The picture of the car going east on the Tunnel Hill section down to Glenview looks about the same as it did in the early 1950's. I used to ride horseback along the same stretch into El Cajon to the Rock 'N' Ride horse show arena near the livestock auction yard to participate in the horse shows that were held there. I didn't have a horse trailer at the time so it was quite a ride over from San Vicente Valley (now Moreno Valley), compete in the horse show, and ride back home often with a couple of ribbons or a trophy.
During my senior year at Grossmont High School, and the summer following, I worked up in Descanso at the Sessions Registered Hereford Cattle Ranch which meant driving back and forth on Old Highway 80; and, frequently with a truck full of the registered cattle as the ranch leased land in the San Vicente Valley for cow/calf grazing.

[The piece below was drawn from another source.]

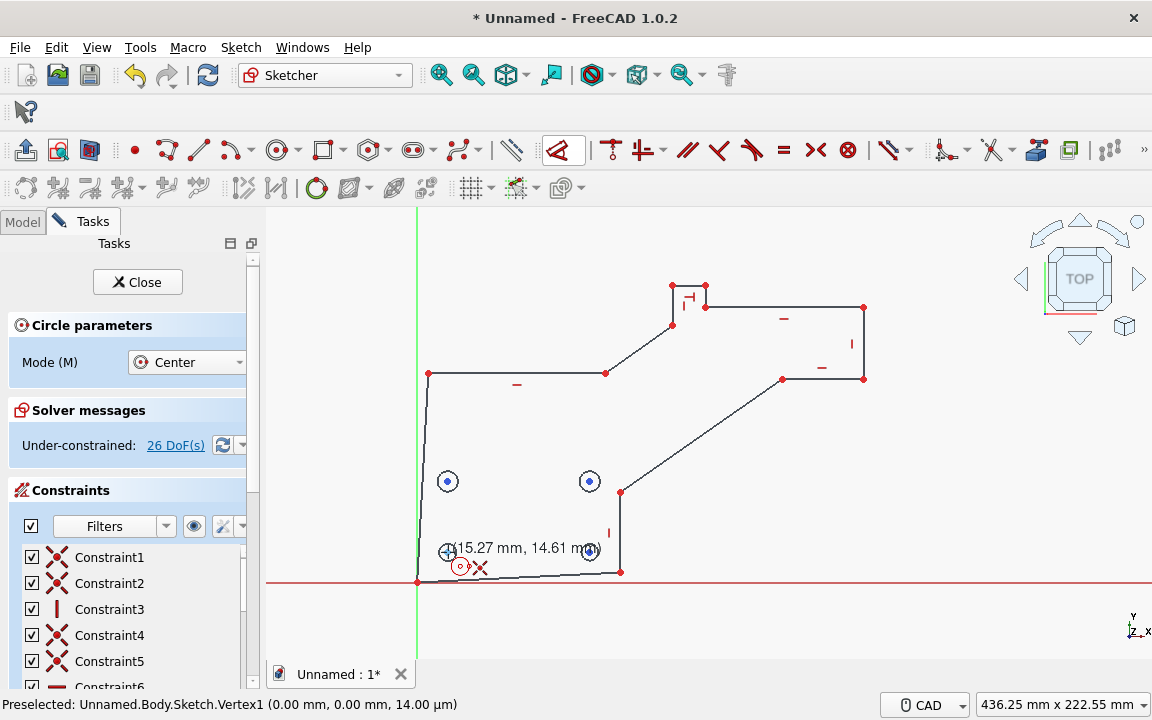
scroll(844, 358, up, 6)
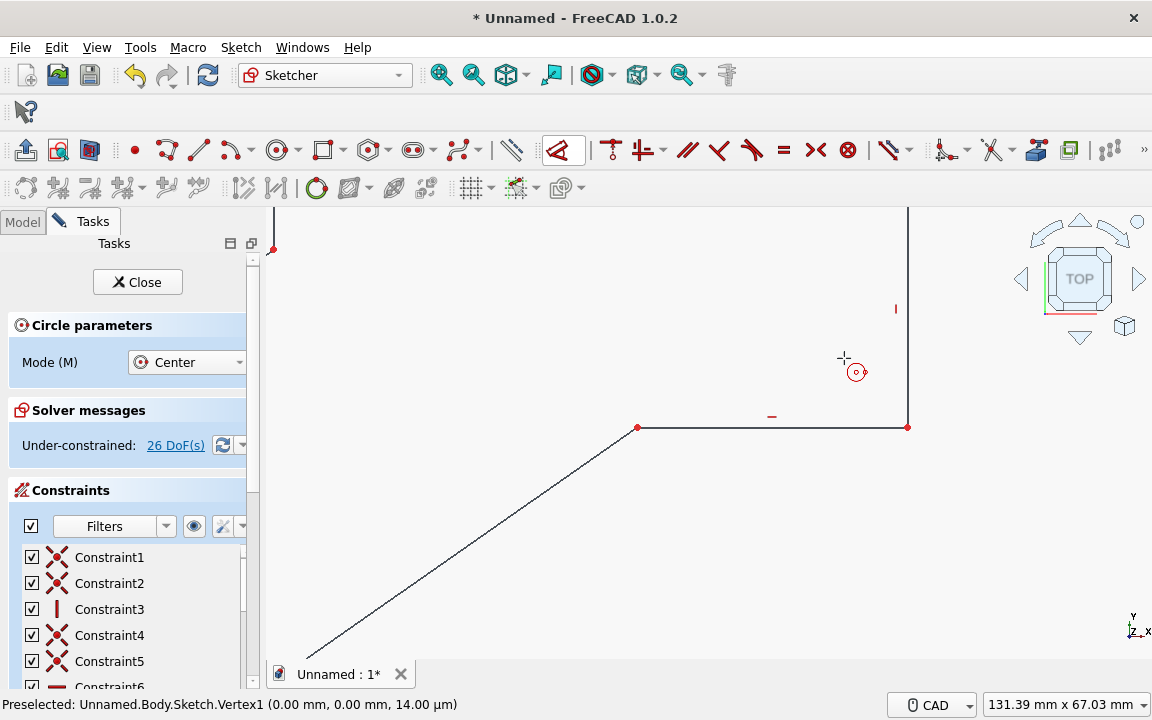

The old Viejas Grade was rather twisty and narrow and the big double trailer hay trucks coming up out of Imperial Valley to the Imperial Valley Hay Growers yard in El Cajon would sometimes hit those curves a bit hard and spill a good part of their load. By law, they were obliged to clean it off of the highway but the rest of it was "free scramble" for anyone who could reach it and load it on to their own truck or trailer. Those little forays helped out on the feed bill for my own livestock.
The west end of Old Highway 80 (El Cajon Blvd.) where it ended at Park Blvd. in San Diego, was familiar territory to me during the WWII years as we lived a few blocks off of El Cajon Blvd. on 35th Street. We went into downtown San Diego on the old street cars that ran down the Boulevard (Highway 80) because enough gas wasn't always available even with the ration stamps. I can still hear in my memory the "Clang, clang, clang went the trolley. Ding, ding, ding went the bell" [like was sung by Judy Garland].
Main Street in El Cajon was Highway 80 with all the big agriculture rigs going through town, plus the east/west distance travelers and also the local traffic. Despite all these wheels turning, El Cajon had one traffic light located at Main Street and Magnolia Avenue. And you know what? It wasn't at all difficult to get where you were going and on time as well!